February 5, 2012 Contact Calendar The Mix Archives

Let the election year reading begin. I've started with Saul Alinsky's Rules for Radicals. I can see that there will be lots of references to it in the coming months and I want to have read the source. I love the feel of the old interviews you can find on YouTube like this William F. Buckley 1967 interview with Alinsky. Try not to get emphysema from all the cigarette smoke. They seem beautifully burnished by the camera work, glowing with life and intelligence as they so politely point and counter. I love Alinksy's glasses; I may have to get a pair. Another interview I stumbled on is this Buckley 1968 interview with Leander Perez, one of the scariest political bosses Louisiana ever produced. After seeing this, I realize that Perez must be the model for every movie I've seen that has a southern bigot sheriff in it. You think they are making that stuff up and then you see this.

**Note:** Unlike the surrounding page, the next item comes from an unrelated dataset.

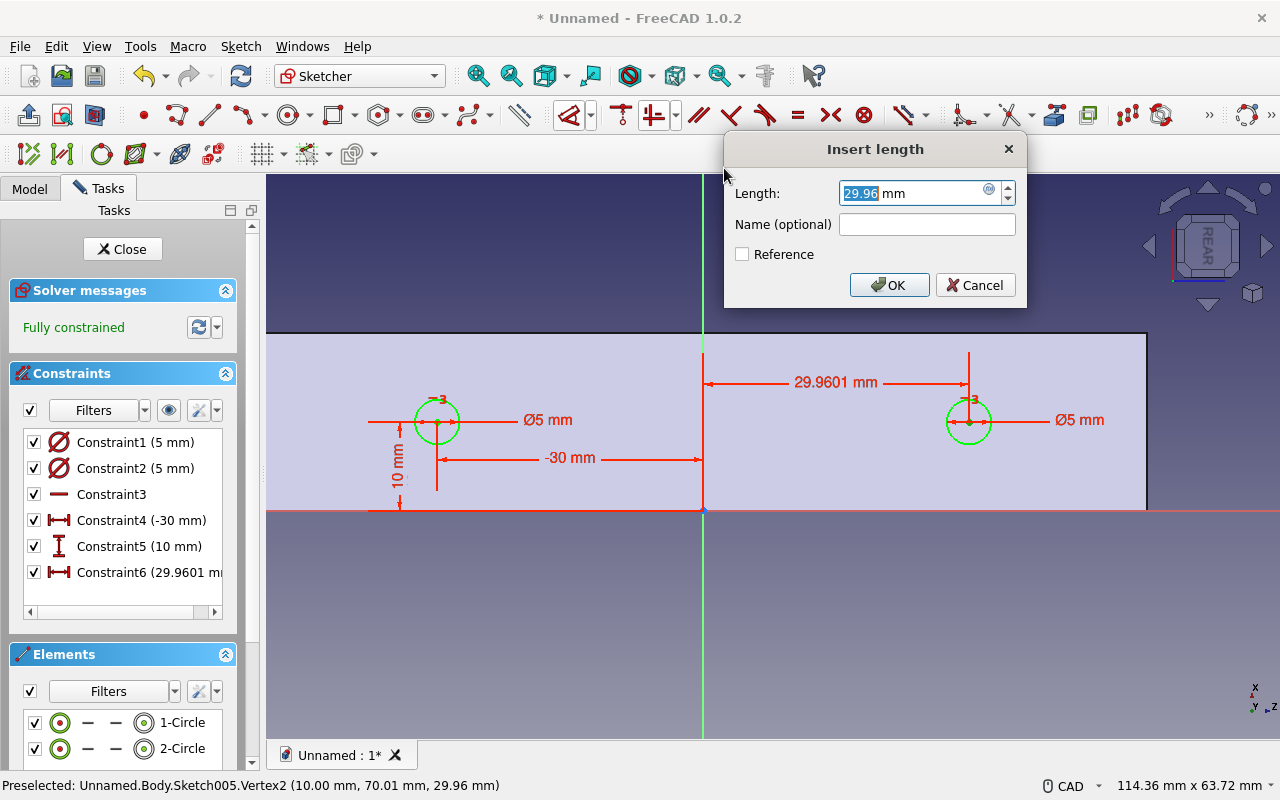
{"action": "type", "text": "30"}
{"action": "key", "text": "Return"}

Every five years I buy the next William Gibson book because I always have. This is his first book of essays. He is useful for an email signature: "The future is already here. It's just not very evenly distributed." My poem of the day email has put me on to Sommer Browning who writes poems and comics. Here's one. I particularly like the Pacer reference.

They’re saying irony is dead.
And for a few minutes I thought

I might die too—a woman
who would buy a fifth of liquor
and a pregnancy test just to see
the look on the clerk’s face.

It’s always strange to be born
before the cusp of some new age,
hanging onto nothing as if it were

Los Angeles. I remember glaring
through the windshield of the family
Pacer, watching a thirty-foot man
crack jokes on the screen.

My parents were laughing,
but I didn’t get the way something
huge and astonishing could be flat,
could not exist at all.
Sometimes in rural Maine you see random acts of art. Usually it's a stack of firewood, built actually, and finished with design flair. And sometimes it's the artist who parks the machinery at the rental place.